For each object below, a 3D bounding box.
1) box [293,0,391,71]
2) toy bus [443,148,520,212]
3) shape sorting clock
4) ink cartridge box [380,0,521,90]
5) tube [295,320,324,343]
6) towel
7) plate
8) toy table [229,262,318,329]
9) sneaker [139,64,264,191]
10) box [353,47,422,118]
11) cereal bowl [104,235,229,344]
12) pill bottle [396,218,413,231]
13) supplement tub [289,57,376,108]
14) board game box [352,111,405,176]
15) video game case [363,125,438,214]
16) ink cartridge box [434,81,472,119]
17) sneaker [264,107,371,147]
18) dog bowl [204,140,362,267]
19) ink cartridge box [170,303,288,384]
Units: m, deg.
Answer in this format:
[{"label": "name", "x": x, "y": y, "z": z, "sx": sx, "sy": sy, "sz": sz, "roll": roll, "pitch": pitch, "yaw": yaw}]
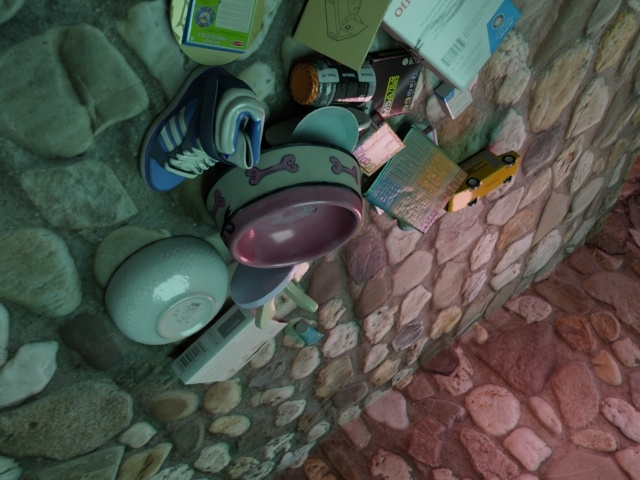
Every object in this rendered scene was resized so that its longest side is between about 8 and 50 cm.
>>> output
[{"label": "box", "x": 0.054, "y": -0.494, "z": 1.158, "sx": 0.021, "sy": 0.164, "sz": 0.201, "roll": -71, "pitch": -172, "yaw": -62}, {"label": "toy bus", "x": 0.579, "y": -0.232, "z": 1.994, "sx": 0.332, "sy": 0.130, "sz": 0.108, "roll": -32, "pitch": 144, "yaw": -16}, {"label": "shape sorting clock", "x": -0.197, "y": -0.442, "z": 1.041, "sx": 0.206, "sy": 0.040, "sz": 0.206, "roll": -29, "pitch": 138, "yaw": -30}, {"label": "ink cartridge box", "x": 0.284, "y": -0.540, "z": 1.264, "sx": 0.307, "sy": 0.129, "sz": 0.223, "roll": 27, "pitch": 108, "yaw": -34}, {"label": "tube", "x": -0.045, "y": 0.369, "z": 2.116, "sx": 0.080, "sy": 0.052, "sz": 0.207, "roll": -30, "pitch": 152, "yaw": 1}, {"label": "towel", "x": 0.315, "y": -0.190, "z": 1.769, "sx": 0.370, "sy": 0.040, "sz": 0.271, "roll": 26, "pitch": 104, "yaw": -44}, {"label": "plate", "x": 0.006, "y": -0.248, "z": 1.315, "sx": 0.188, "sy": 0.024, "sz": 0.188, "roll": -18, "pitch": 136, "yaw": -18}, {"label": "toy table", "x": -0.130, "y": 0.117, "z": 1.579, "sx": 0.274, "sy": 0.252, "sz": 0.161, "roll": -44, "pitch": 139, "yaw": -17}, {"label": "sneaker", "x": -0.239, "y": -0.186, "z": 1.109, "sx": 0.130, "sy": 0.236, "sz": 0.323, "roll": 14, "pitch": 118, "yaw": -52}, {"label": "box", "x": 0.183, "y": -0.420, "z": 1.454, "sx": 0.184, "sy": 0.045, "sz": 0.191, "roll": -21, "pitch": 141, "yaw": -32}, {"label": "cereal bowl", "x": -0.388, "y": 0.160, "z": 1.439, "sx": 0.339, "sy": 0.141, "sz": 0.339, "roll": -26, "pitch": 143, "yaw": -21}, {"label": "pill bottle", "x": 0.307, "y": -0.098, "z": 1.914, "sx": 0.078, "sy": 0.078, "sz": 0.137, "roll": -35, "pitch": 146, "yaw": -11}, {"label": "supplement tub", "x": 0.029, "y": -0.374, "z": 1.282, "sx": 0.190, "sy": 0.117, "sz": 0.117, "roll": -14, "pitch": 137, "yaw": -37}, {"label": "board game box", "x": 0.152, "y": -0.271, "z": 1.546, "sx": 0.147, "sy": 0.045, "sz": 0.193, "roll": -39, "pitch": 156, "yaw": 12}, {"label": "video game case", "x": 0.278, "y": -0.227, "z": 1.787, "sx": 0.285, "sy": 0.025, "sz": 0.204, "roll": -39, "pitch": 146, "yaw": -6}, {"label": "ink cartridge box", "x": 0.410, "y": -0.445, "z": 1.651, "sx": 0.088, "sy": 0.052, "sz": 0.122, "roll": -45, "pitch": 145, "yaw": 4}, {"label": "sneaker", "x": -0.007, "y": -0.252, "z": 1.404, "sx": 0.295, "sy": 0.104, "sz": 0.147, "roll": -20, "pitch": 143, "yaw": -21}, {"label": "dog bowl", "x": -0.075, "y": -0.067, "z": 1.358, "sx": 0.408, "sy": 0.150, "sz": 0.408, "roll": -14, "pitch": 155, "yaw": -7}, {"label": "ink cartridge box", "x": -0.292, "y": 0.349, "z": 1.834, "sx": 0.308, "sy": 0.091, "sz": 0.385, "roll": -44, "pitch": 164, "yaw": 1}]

* * *

» Work to be completed
Copy the records above exactly, beginning at the line that contains "11) cereal bowl [104,235,229,344]" and stopping after the line that contains "Answer in this".

» Result below
11) cereal bowl [104,235,229,344]
12) pill bottle [396,218,413,231]
13) supplement tub [289,57,376,108]
14) board game box [352,111,405,176]
15) video game case [363,125,438,214]
16) ink cartridge box [434,81,472,119]
17) sneaker [264,107,371,147]
18) dog bowl [204,140,362,267]
19) ink cartridge box [170,303,288,384]
Units: m, deg.
Answer in this format:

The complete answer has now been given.